Le 7 octobre dernier, 10 000 membres des Nachis (les Nôtres), mouvement de jeunes favorables à Poutine, défilaient dans les rues de Moscou pour célébrer son 55e anniversaire. Le même jour, quelques Russes rendaient hommage à Anna Politkovskaïa, journaliste assassinée un an plus tôt à Moscou.

La campagne des élections législatives

Le 1er octobre dernier, Vladimir Poutine acceptait de figurer sur la liste électorale de Russie unie, évoquant "l'indispensable maintien de la stabilité de l'Etat et la continuité de l'action politique" pour justifier sa présence. Dans une longue intervention télévisée fin octobre, il a mis en avant les résultats socioéconomiques de la Russie sous ses deux mandats à la tête de l'Etat, et notamment la croissance du PIB qui s'élève à 7,7% (+1 point), affirmant que ce bon résultat ne repose pas seulement sur les immenses ressources naturelles russes (pétrole, gaz, etc.) mais, pour 2/3, sur d'autres secteurs comme le bâtiment, les transports, les communications, le commerce et les investissements. Il a évoqué le niveau record des réserves d'or du pays (296 milliards €). Il a rappelé que le service militaire obligatoire passerait de 18 à 12 mois en janvier prochain.
L'inflation, qui atteignait 8,5% sur les 10 1ers mois de l'année 2007, reste cependant inquiétante. Le 24 octobre, le gouvernement a passé un accord avec les producteurs et les distributeurs de l'industrie alimentaire pour geler les prix de certains produits de base qui ont considérablement augmenté (+ 50% pour le pain). Si l'inflation est très liée au fonctionnement de l'économie (problèmes de distribution et de logistique), ce genre d'accords permet aux dirigeants de donner une image d'efficacité et de réel pouvoir, la population étant très souvent convaincue que l'inflation, comme l'ensemble des problèmes économiques du pays, sont le fruit de la conspiration et de la spéculation des producteurs et des distributeurs.

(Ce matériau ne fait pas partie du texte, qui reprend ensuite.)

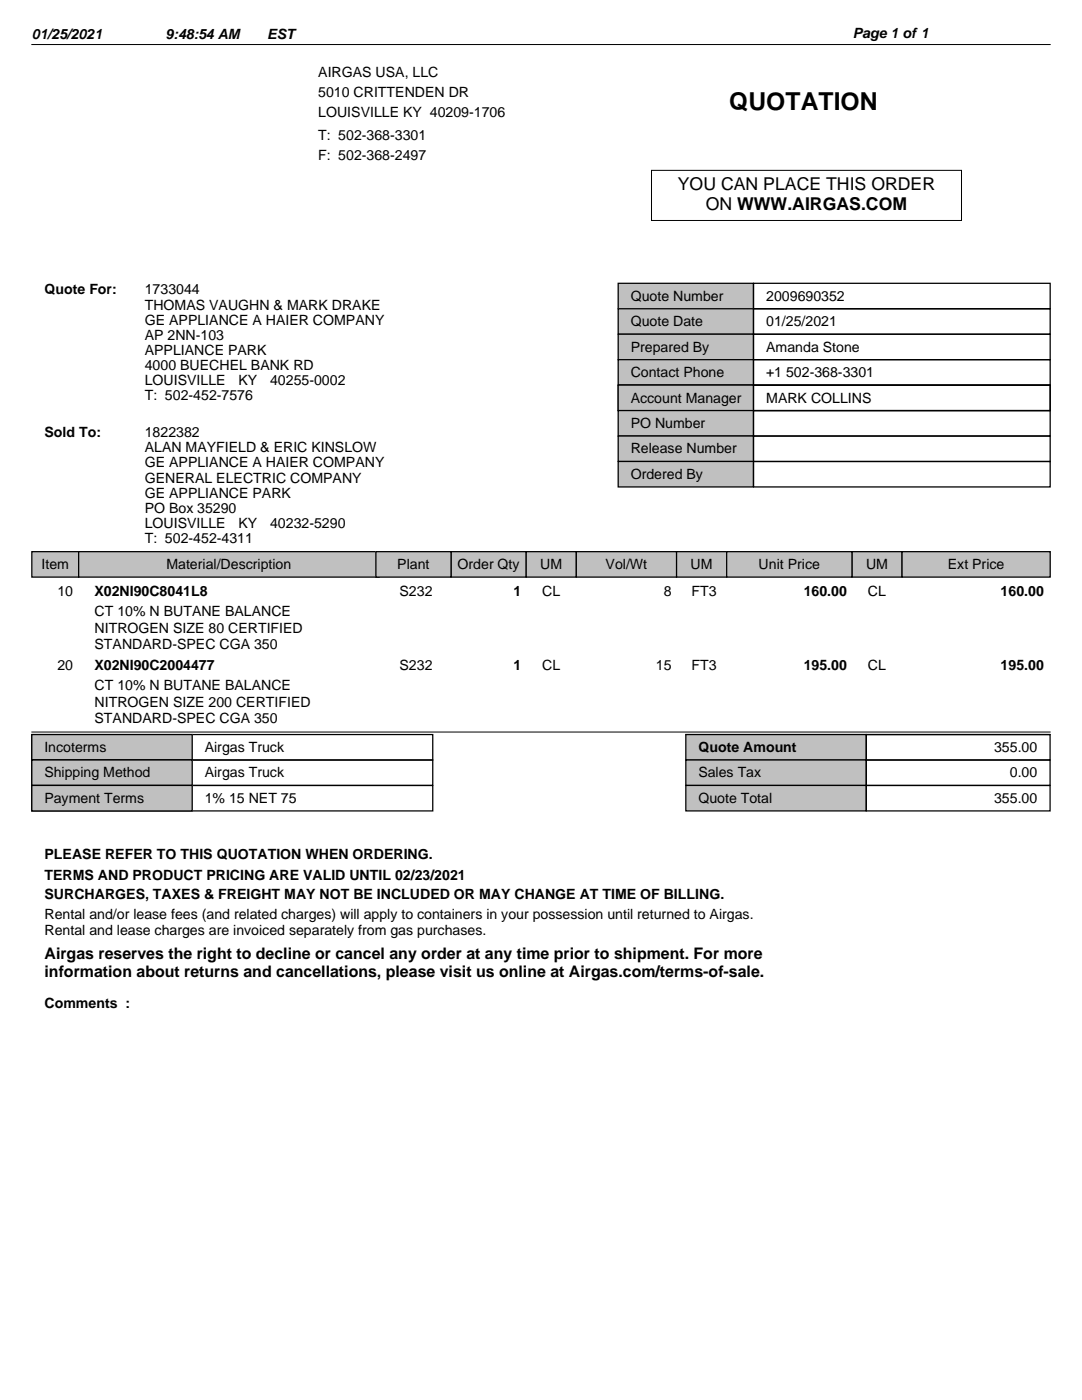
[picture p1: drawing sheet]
<svg xmlns="http://www.w3.org/2000/svg" width="216mm" height="279mm" viewBox="0 0 216 279" stroke-linecap="round" stroke-linejoin="round" font-family="sans-serif">
<defs><g id="words">
<text font-size="4.9" x="145.5" y="22">QUOTATION</text>
<g font-size="3.5">
<text x="135.3" y="37.9">YOU CAN PLACE THIS ORDER</text>
<text x="140.8" y="41.9">ON WWW.AIRGAS.COM</text>
</g>
<g font-size="3.2">
<text x="8.9" y="191.3">Airgas reserves the right to decline or cancel any order at any time prior to shipment. For more</text>
<text x="8.9" y="194.9">information about returns and cancellations, please visit us online at Airgas.com/terms-of-sale.</text>
</g>
<g font-size="2.8">
<text x="6.3" y="7.8">01/25/2021</text>
<text x="33" y="7.8">9:48:54 AM</text>
<text x="53.3" y="7.8">EST</text>
<text x="170.2" y="7.6">Page 1 of 1</text>
<text x="63.5" y="15.4">AIRGAS USA, LLC</text>
<text x="63.5" y="19.4">5010 CRITTENDEN DR</text>
<text x="63.5" y="23.4">LOUISVILLE KY 40209-1706</text>
<text x="63.5" y="28">T: 502-368-3301</text>
<text x="63.5" y="31.8">F: 502-368-2497</text>
<text x="8.9" y="58.8">Quote For:</text>
<text x="28.9" y="58.8">1733044</text>
<text x="28.9" y="61.8">THOMAS VAUGHN &amp; MARK DRAKE</text>
<text x="28.9" y="64.8">GE APPLIANCE A HAIER COMPANY</text>
<text x="125.9" y="60">Quote Number</text>
<text x="125.9" y="65.1">Quote Date</text>
<text x="152.9" y="60">2009690352</text>
<text x="152.9" y="65.1">01/25/2021</text>
<text x="28.9" y="67.8">AP 2NN-103</text>
<text x="28.9" y="70.8">APPLIANCE PARK</text>
<text x="125.9" y="70.2">Prepared By</text>
<text x="152.9" y="70.2">Amanda Stone</text>
<text x="28.9" y="73.8">4000 BUECHEL BANK RD</text>
<text x="28.9" y="76.8">LOUISVILLE</text>
<text x="47.6" y="76.8">KY</text>
<text x="53.9" y="76.8">40255-0002</text>
<text x="125.9" y="75.3">Contact Phone</text>
<text x="152.9" y="75.3">+1 502-368-3301</text>
<text x="28.9" y="79.8">T: 502-452-7576</text>
<text x="125.9" y="80.3">Account Manager</text>
<text x="152.9" y="80.3">MARK COLLINS</text>
<text x="8.9" y="87.3">Sold To:</text>
<text x="28.9" y="87.3">1822382</text>
<text x="125.9" y="85.4">PO Number</text>
<text x="28.9" y="90.3">ALAN MAYFIELD &amp; ERIC KINSLOW</text>
<text x="28.9" y="93.3">GE APPLIANCE A HAIER COMPANY</text>
<text x="125.9" y="90.5">Release Number</text>
<text x="125.9" y="95.6">Ordered By</text>
<text x="28.9" y="96.3">GENERAL ELECTRIC COMPANY</text>
<text x="28.9" y="99.3">GE APPLIANCE PARK</text>
<text x="28.9" y="105.3">LOUISVILLE</text>
<text x="28.9" y="102.3">PO Box 35290</text>
<text x="47.6" y="105.3">KY</text>
<text x="53.9" y="105.3">40232-5290</text>
<text x="8.3" y="113.6">Item</text>
<text x="28.9" y="108.3">T: 502-452-4311</text>
<text x="33.2" y="113.6">Material/Description</text>
<text x="79.3" y="113.6">Plant</text>
<text x="91.3" y="113.6">Order Qty</text>
<text x="107.8" y="113.6">UM</text>
<text x="120.8" y="113.6">Vol/Wt</text>
<text x="137.8" y="113.6">UM</text>
<text x="151.4" y="113.6">Unit Price</text>
<text x="172.8" y="113.6">UM</text>
<text x="189.1" y="113.6">Ext Price</text>
<text x="11.5" y="118.9">10</text>
<text x="18.8" y="118.9">X02NI90C8041L8</text>
<text x="79.7" y="118.9">S232</text>
<text x="102.4" y="118.9">1</text>
<text x="108.2" y="118.9">CL</text>
<text x="132.4" y="118.9">8</text>
<text x="138" y="118.9">FT3</text>
<text x="160.4" y="118.9">160.00</text>
<text x="173.2" y="118.9">CL</text>
<text x="199.7" y="118.9">160.00</text>
<text x="18.9" y="122.9">CT 10% N BUTANE BALANCE</text>
<text x="18.9" y="126.2">NITROGEN SIZE 80 CERTIFIED</text>
<text x="18.9" y="129.4">STANDARD-SPEC CGA 350</text>
<text x="11.5" y="133.8">20</text>
<text x="18.8" y="133.8">X02NI90C2004477</text>
<text x="18.9" y="137.8">CT 10% N BUTANE BALANCE</text>
<text x="79.7" y="133.8">S232</text>
<text x="102.4" y="133.8">1</text>
<text x="108.2" y="133.8">CL</text>
<text x="130.9" y="133.8">15</text>
<text x="138" y="133.8">FT3</text>
<text x="160.4" y="133.8">195.00</text>
<text x="173.2" y="133.8">CL</text>
<text x="199.7" y="133.8">195.00</text>
<text x="18.9" y="141.1">NITROGEN SIZE 200 CERTIFIED</text>
<text x="18.9" y="144.3">STANDARD-SPEC CGA 350</text>
<text x="8.9" y="150.1">Incoterms</text>
<text x="8.9" y="155.1">Shipping Method</text>
<text x="40.9" y="150.1">Airgas Truck</text>
<text x="40.9" y="155.1">Airgas Truck</text>
<text x="139.4" y="155.1">Sales Tax</text>
<text x="139.4" y="150.1">Quote Amount</text>
<text x="198.4" y="150.1">355.00</text>
<text x="201.5" y="155.1">0.00</text>
<text x="8.9" y="160.2">Payment Terms</text>
<text x="40.9" y="160.2">1% 15 NET 75</text>
<text x="139.4" y="160.2">Quote Total</text>
<text x="198.4" y="160.2">355.00</text>
<text x="8.9" y="171.5">PLEASE REFER TO THIS QUOTATION WHEN ORDERING.</text>
<text x="8.9" y="175.5">TERMS AND PRODUCT PRICING ARE VALID UNTIL 02/23/2021</text>
<text x="8.9" y="179.5">SURCHARGES, TAXES &amp; FREIGHT MAY NOT BE INCLUDED OR MAY CHANGE AT TIME OF BILLING.</text>
<text x="8.9" y="183.5">Rental and/or lease fees (and related charges) will apply to containers in your possession until returned to Airgas.</text>
<text x="8.9" y="186.7">Rental and lease charges are invoiced separately from gas purchases.</text>
<text x="8.9" y="201.1">Comments :</text>
</g>
</g></defs>
<path d="M6.3 8.9h203.2" fill="none" stroke="#000" stroke-width=".2"/>
<path d="M6.3 12.7h50.8v20.3h-50.8z" fill="#fff"/>
<path d="M130 34h61.9v10h-61.9z" fill="none" stroke="#000" stroke-width=".2"/>
<path d="M123.4 56.5h27v5.1h-27z" fill="#c0c0c0"/>
<path d="M123.4 56.5h27v5.1h-27zM150.4 56.5h59.1v5.1h-59.1z" fill="none" stroke="#000" stroke-width=".25"/>
<path d="M123.4 61.6h27v5.1h-27z" fill="#c0c0c0"/>
<path d="M123.4 61.6h27v5.1h-27zM150.4 61.6h59.1v5.1h-59.1z" fill="none" stroke="#000" stroke-width=".25"/>
<path d="M123.4 66.7h27v5.1h-27z" fill="#c0c0c0"/>
<path d="M123.4 66.7h27v5.1h-27zM150.4 66.7h59.1v5.1h-59.1z" fill="none" stroke="#000" stroke-width=".25"/>
<path d="M123.4 71.8h27v5.1h-27z" fill="#c0c0c0"/>
<path d="M123.4 71.8h27v5.1h-27zM123.4 76.9h86.1v5h-86.1zM150.4 71.8h59.1v5.1h-59.1z" fill="none" stroke="#000" stroke-width=".25"/>
<path d="M123.4 76.9h27v5h-27z" fill="#c0c0c0"/>
<path d="M123.4 76.9h27v5h-27zM150.4 76.9h59.1v5h-59.1z" fill="none" stroke="#000" stroke-width=".25"/>
<path d="M123.4 81.9h27v5.1h-27z" fill="#c0c0c0"/>
<path d="M123.4 81.9h27v5.1h-27zM150.4 81.9h59.1v5.1h-59.1z" fill="none" stroke="#000" stroke-width=".25"/>
<path d="M123.4 87h27v5.1h-27z" fill="#c0c0c0"/>
<path d="M123.4 87h27v5.1h-27zM150.4 87h59.1v5.1h-59.1z" fill="none" stroke="#000" stroke-width=".25"/>
<path d="M123.4 92.1h27v5.1h-27z" fill="#c0c0c0"/>
<path d="M123.4 92.1h27v5.1h-27zM150.4 92.1h59.1v5.1h-59.1z" fill="none" stroke="#000" stroke-width=".25"/>
<path d="M6.3 110.1h9.4v5.1h-9.4z" fill="#c0c0c0"/>
<path d="M6.3 110.1h9.4v5.1h-9.4z" fill="none" stroke="#000" stroke-width=".25"/>
<path d="M15.7 110.1h59.9v5.1h-59.9z" fill="#c0c0c0"/>
<path d="M15.7 110.1h59.9v5.1h-59.9z" fill="none" stroke="#000" stroke-width=".25"/>
<path d="M90 110.1h15v5.1h-15z" fill="#c0c0c0"/>
<path d="M90 110.1h15v5.1h-15z" fill="none" stroke="#000" stroke-width=".25"/>
<path d="M105 110.1h10v5.1h-10z" fill="#c0c0c0"/>
<path d="M105 110.1h10v5.1h-10z" fill="none" stroke="#000" stroke-width=".25"/>
<path d="M170 110.1h10v5.1h-10z" fill="#c0c0c0"/>
<path d="M170 110.1h10v5.1h-10z" fill="none" stroke="#000" stroke-width=".25"/>
<path d="M75 110.1h15v5.1h-15z" fill="#c0c0c0"/>
<path d="M75 110.1h15v5.1h-15z" fill="none" stroke="#000" stroke-width=".25"/>
<path d="M115 110.1h20v5.1h-20z" fill="#c0c0c0"/>
<path d="M115 110.1h20v5.1h-20z" fill="none" stroke="#000" stroke-width=".25"/>
<path d="M135 110.1h10v5.1h-10z" fill="#c0c0c0"/>
<path d="M135 110.1h10v5.1h-10z" fill="none" stroke="#000" stroke-width=".25"/>
<path d="M145 110.1h25v5.1h-25z" fill="#c0c0c0"/>
<path d="M145 110.1h25v5.1h-25z" fill="none" stroke="#000" stroke-width=".25"/>
<path d="M180 110.1h29.5v5.1h-29.5z" fill="#c0c0c0"/>
<path d="M180 110.1h29.5v5.1h-29.5zM6.3 146.6h80.1v5.1h-80.1z" fill="none" stroke="#000" stroke-width=".25"/>
<path d="M6.3 146.1h203.3" fill="none" stroke="#000" stroke-width=".2"/>
<path d="M6.3 146.6h32.1v5.1h-32.1z" fill="#c0c0c0"/>
<path d="M6.3 146.6h32.1v5.1h-32.1zM6.3 151.7h80.1v5.1h-80.1z" fill="none" stroke="#000" stroke-width=".25"/>
<path d="M6.3 151.7h32.1v5.1h-32.1z" fill="#c0c0c0"/>
<path d="M6.3 151.7h32.1v5.1h-32.1zM6.3 156.8h80.1v5h-80.1z" fill="none" stroke="#000" stroke-width=".25"/>
<path d="M6.3 156.8h32.1v5h-32.1z" fill="#c0c0c0"/>
<path d="M6.3 156.8h32.1v5h-32.1zM136.8 146.6h72.8" fill="none" stroke="#000" stroke-width=".25"/>
<path d="M136.8 146.6h36v5.1h-36z" fill="#c0c0c0"/>
<path d="M136.8 146.6h36v5.1h-36zM172.8 146.6h36.7v5.1h-36.7z" fill="none" stroke="#000" stroke-width=".25"/>
<path d="M136.8 151.7h36v5.1h-36z" fill="#c0c0c0"/>
<path d="M136.8 151.7h36v5.1h-36zM172.8 151.7h36.7v5.1h-36.7z" fill="none" stroke="#000" stroke-width=".25"/>
<path d="M136.8 156.8h36v5h-36z" fill="#c0c0c0"/>
<path d="M136.8 156.8h36v5h-36zM172.8 156.8h36.7v5h-36.7z" fill="none" stroke="#000" stroke-width=".25"/>
<use href="#words"/>
</svg>

Vladimir Poutine a décidé d'une hausse des pensions militaires et de l'augmentation des pensions de retraite le 1er décembre prochain, soit la veille des élections législatives (la Russie compte 38,2 millions de retraités).

Russie unie, seule formation politique autorisée à faire de la publicité ! a choisi comme slogan électoral "Le projet de Vladimir Poutine est la victoire de la Russie". Le parti au pouvoir répète que l'opposition n'existe pas en Russie, que les mouvements populaires ne sont en réalité que des complots ourdis par la CIA ou des groupes manipulés par des puissances étrangères et par l'Occident ne cherchant qu'à déstabiliser le pays. Conduite par le porte-parole de la Douma et ancien ministre de l'Intérieur, Boris Gryzlov, et par le ministre des Situations d'urgence, Sergueï Choïgou, Russie unie ne se voit qu'un réel adversaire : le Parti communiste. "C'est une formation avec une idéologie bien établie et avec son propre électorat. Nos plus grandes différences sont idéologiques. Elles portent sur le développement du pays, nous croyons que le programme du Parti communiste est néfaste à la Russie" affirme Oleg Morozov. Boris Gryzlov a pour objectif de recueillir au moins 60% des suffrages le 2 décembre prochain.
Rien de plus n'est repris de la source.